I believe in water changes. My fish always look happier after a water change. Especially at the beginning when I made feeding mistakes, and saw lots of waste. Amonia probs, high nitrites, dirty substrate etc. Then I had a white bacteria bloom. Water changed even up to 50% every 2nd. day for a week. Never lost a fish all the while. Matched the water temp using my wrist, like you do a baby bottle lol, to the tank water. I kept it at a constant 76 degrees farenheight. I didn't know what the heck I was doing, but I never lost one except at th beginning to an amonia spike cause I didn't know better to change water until I read abou cycling right here.

All petshops should recommend Aquarium Central Forums, to anyone who buys a fish. I think 50% of folks have access to the net, from what I understand.
 
HappyChem help me out,
I think the most important indicator of water changes is nitrate levels because it's gives you a rough idea of how much dissolved solutes are in your tank. So, if nitrates stay low with 25% weekly changes, then so be it. But eventually, as mentioned, the toxin levels will go up and a 50% change will be necessary, and maybe even 50% for two consecutive days to be safe. Just keep monitoring the nitrate levels.
 
Great post HappyChem!

Everything HappyChem is right on the mark, well said!

Mathematically, that info on water changes can be expressed as a steady state endpoint of "1/(waterchanges)" where waterchanges is a decimal.
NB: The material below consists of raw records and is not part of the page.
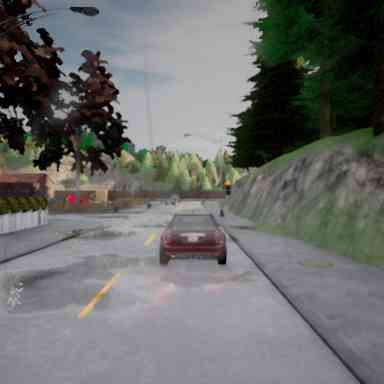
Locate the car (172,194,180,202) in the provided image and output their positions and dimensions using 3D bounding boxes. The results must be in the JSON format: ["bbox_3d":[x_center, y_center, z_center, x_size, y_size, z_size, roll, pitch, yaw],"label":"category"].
[{"bbox_3d":[-4.002,1.551,76.937,2.150,2.045,5.566,0,0,0],"label":"car"}]

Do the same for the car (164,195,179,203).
[{"bbox_3d":[-4.041,1.801,61.399,2.128,1.511,4.902,0,0,1],"label":"car"}]

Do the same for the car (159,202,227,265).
[{"bbox_3d":[0.054,1.416,12.054,2.097,1.767,4.553,0,0,1],"label":"car"}]

After that point is reached, with the same water changes, the tank content is stable.

So, 1/.5=2, so 50% water changes has a stable endpoint of 2x units added over the time period. If that is a water change once a week, that is 2 weeks of waste in the tank. If that is 50% a day then it is 2 days of waste in the tank.

So, the 20% water change each month leaves 5 months of waste in the tanik, just as if you started with a 100% clean tank and didn't change water for 5 months.

My fish only tanks get a 50% WC every other week, in tanks that are lightly stocked with dual cansiter filtration. The planted tanks get 50% a week for the higher light tank with more fertilization needs and dual canisters, 50% every other week for the smaller lower light tanks.

The juvenile discus get 50% every other day, with triple filtration and rather overstocked with well fed fish in a barebottom tank with some plants on wood.
 
We can use [NO3] (nitrate concentration) as an indicator of organics because NH3 is a product of fish metabolism, so in a cycled tank NO3 is associated with NH3 and so NO3 is associated with fish wastes.

If we assume that at least the majority of organics come from fish, or at least that all organics are produced with a concomitant release of ammonia, then NO3 can be used as a proxy measure of the organic pollutant load.

<Fish also excrete heavy metals, I forgot about that in the earlier post.>

The same approach can be applied to NO3 measurements as I showed for our imaginary pollutant. Simply consider that fish produce 'x' amount of ammonia in a cylcled tank in a week. If you're doing 50% WC's weekly, your NO3 levels should level out at x/0.5 or twice the concentration produced weekly after a set number of weeks.

Yes, monitoring NO3 is the most quantitative way a hobbyist has to know whether enough water is being changed. Choose your benchmark, be it 10, 20 or 40ppm. However, there are a couple things to think of, first many folks won't want to buy test kits, second if there are plants in the tank you lose the association between pollution and NO3.

If based on your stocking load (amount of fish vs. tank size) and feeding routine and 25% change is sufficient to maintain NO3 at a stable level below your chosen benchmark, then 25% weekly is all that's necessary in your tank. Like got_nailed said, it really depends on what fish, what tank, how often you feed, etc. A lot of variables.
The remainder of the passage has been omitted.